5 The primary judge accurately noted at  –  the claims advanced by the appellant as being, in broad compass: first, due to his brother’s activities as a prominent LTTE member, the appellant and his family came to the adverse attention of the Sri Lankan authorities and were harassed by them. Secondly, because of his own political activities in the 2012 elections on behalf of the Tamil National Alliance (TNA), the appellant came to the adverse attention of their rivals, the Tamil Makkal Viduthalai Pulikal (TMPV) and was variously threatened and harassed. Thirdly, as a Tamil he would face harm for that reason, on return, from the Sri Lankan authorities. Fourthly, as a failed returning asylum seeker who departed Sri Lanka illegally he would, on return, come to the adverse attention of the Sri Lankan authorities, and be harmed by them.
6 The primary judge summarised the findings of the IAA in relation to the appellant’s claims at  of his reasons as follows:
1. Given internal inconsistencies and implausibilities [sic] in his account, and in light of country information before it, the IAA found that his brother did not have any connection to the LTTE, and the applicant and his family were therefore not targeted, as claimed.
2. The applicant was a low level TNA supporter. The IAA found that the election in 2012 was “conducted in a tense and volatile environment”, and there was significant harassment by all sides of their opponents. However, given country information before it, there had been an easing of political tensions, which the IAA found meant that the applicant would not face harm on return because of his political activities.

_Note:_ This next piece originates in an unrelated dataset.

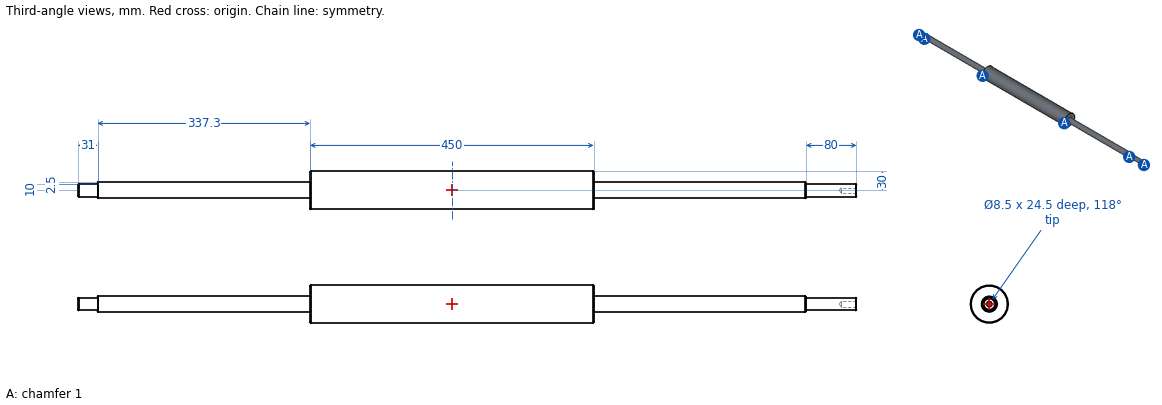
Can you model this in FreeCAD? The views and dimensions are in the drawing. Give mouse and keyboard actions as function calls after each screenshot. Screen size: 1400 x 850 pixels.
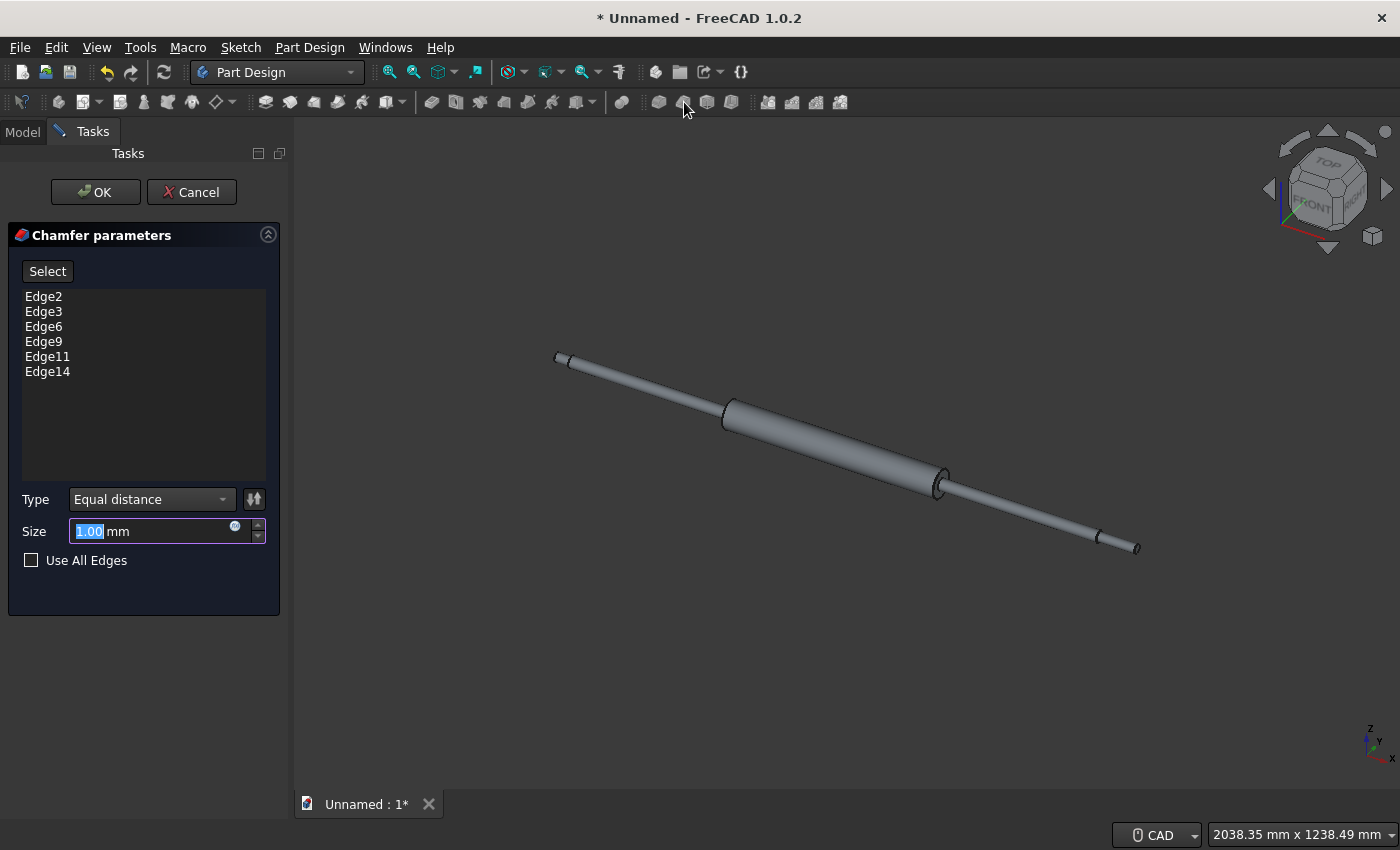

3. The IAA accepted that as part of a Tamil family the applicant would have been subject to monitoring and harassment in the past. However, having regard to country information about conditions in Sri Lanka since 2009, he would not likely face harm as a Tamil in the future.
4. In relation to returning as a failed asylum seeker who departed illegally, the IAA found that any penalty, or any questioning, investigation, prosecution, or punishment of him, would not rise to serious or significant harm. In essence, the applicant would be faced with the application of a law of general application. The IAA also found there was no evidence before it that the applicant’s status as a failed asylum seeker would bring him to the adverse attention of the authorities on return.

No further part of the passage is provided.